The results presented in Fig. 1b, c and Fig. 2a–c of the manuscript are obtained from Monte Carlo annealing simulations. For each of the considered values of β, the system is first cooled from 2000 K down to 300 K with 50 K steps under zero external electric field. Then, an external electric field with progressively increasing magnitude is applied. Each run associated with constant values of β, T, and E consists of 40,000 MC sweeps with 20,000 sweeps to be considered as the thermalization period. For both the cooling and the external electric field simulations, the starting configuration for the subsequent parameter value is taken to be the final microscopic state obtained from the preceding run. Fig. 1b, c shows the ground-state dipolar structure at 10 K. In molecular dynamics simulations, we use a predictor–corrector numerical integration scheme³¹ with a discrete time step of 0.5 fs.
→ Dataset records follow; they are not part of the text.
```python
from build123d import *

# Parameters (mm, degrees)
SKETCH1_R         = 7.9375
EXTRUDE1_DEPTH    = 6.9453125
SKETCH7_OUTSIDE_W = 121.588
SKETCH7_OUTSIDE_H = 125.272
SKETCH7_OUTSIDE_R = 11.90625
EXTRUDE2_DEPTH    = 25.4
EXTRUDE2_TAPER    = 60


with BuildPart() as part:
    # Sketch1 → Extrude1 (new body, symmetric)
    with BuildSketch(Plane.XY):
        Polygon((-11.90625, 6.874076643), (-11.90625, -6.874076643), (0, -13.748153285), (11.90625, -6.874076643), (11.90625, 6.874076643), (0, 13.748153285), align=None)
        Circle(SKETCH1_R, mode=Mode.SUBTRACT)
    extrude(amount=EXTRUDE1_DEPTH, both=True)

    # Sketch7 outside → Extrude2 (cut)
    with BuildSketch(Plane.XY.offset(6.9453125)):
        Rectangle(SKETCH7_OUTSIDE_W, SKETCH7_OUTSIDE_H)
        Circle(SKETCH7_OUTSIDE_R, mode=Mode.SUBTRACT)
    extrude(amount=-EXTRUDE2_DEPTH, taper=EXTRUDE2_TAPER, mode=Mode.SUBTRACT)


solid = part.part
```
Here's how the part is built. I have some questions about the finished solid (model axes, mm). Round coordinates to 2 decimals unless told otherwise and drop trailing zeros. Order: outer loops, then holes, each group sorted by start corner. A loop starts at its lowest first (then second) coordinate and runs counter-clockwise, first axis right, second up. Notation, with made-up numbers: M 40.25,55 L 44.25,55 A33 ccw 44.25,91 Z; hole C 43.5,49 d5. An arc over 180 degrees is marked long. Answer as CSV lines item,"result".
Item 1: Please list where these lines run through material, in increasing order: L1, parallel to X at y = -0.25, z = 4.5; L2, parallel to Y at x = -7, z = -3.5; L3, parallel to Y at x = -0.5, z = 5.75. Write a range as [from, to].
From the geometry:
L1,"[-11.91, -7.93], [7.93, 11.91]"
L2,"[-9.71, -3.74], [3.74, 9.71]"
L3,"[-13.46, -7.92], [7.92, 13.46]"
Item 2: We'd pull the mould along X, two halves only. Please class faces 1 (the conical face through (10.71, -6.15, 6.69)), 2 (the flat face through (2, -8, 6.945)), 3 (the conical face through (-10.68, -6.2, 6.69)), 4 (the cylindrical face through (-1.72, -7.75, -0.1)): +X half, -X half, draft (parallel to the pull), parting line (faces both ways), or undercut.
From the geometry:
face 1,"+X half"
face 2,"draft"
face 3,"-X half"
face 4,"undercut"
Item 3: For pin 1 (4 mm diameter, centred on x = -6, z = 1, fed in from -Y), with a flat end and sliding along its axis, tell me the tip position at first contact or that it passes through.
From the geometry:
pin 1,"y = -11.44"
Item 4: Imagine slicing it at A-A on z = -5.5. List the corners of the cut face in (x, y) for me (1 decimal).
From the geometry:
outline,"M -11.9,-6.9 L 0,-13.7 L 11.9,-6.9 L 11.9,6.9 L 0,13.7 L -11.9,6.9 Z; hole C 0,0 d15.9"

To demonstrate the field-driven displacements of electric bubbles (Fig. 3), we have used the perturbing potential approximating an electric field generated by a PFM probe. The specific external field model employed here corresponds to the following electric potential²⁴

$$\phi= -\frac{2Q}{4\pi {\epsilon }_{0}}\left[\frac{1}{1+{\epsilon }_{1}/{\epsilon }_{0}}\mathop{\sum }\limits_{n=0}^{\infty }\frac{{\zeta }^{n}}{\sqrt{{(z+2nh)}^{2}+{r}^{2}}}-\right.\\ -\frac{1-{\epsilon }_{1}/{\epsilon }_{2}}{(1+{\epsilon }_{1}/{\epsilon }_{0})(1+{\epsilon }_{1}/{\epsilon }_{2})}\times \left.\mathop{\sum }\limits_{n=0}^{\infty }\frac{{\zeta }^{n}}{\sqrt{{(2(n+1)h-z)}^{2}+{r}^{2}}}\right],\\ \zeta= \frac{(1-{\epsilon }_{1}/{\epsilon }_{0})(1-{\epsilon }_{1}/{\epsilon }_{2})}{(1-{\epsilon }_{1}/{\epsilon }_{0})(1-{\epsilon }_{1}/{\epsilon }_{2})},$$

(2)

where h denotes the film thickness, ϵ₀, ϵ₁, and ϵ₂ denote the vacuum, film, and substrate dielectric permittivities, respectively. The z and r indicate the out-of-plane and radial cylindrical coordinates. This equation is derived under the assumption of the contact mode operation of the tip (the tip located at the surface of the film). The constant Q is determined so as to assure the proper normalization of the corresponding electric field magnitude distribution. Specifically, we require the maximum value of ∣ ∇ ϕ∣ to be equal to the specified magnitude E of the perturbing electric field. An example of the resulting distribution of the local driving electric field is shown in Fig. 7. Note that the total external electric field at each lattice site corresponds to the sum of the bias background field constant within the supercell volume and the position-dependent electric field perturbation.

Fig. 7: Driving electric field profile.

Arrows indicate the direction of the position-dependent driving electric field within the y = 0 plane of the 32 × 32 × 5 supercell for the PFM tip located at x = y = 0 and z = 5.5 u.c. Colors from purple to red indicate the increasing field magnitude normalized to its maximum value.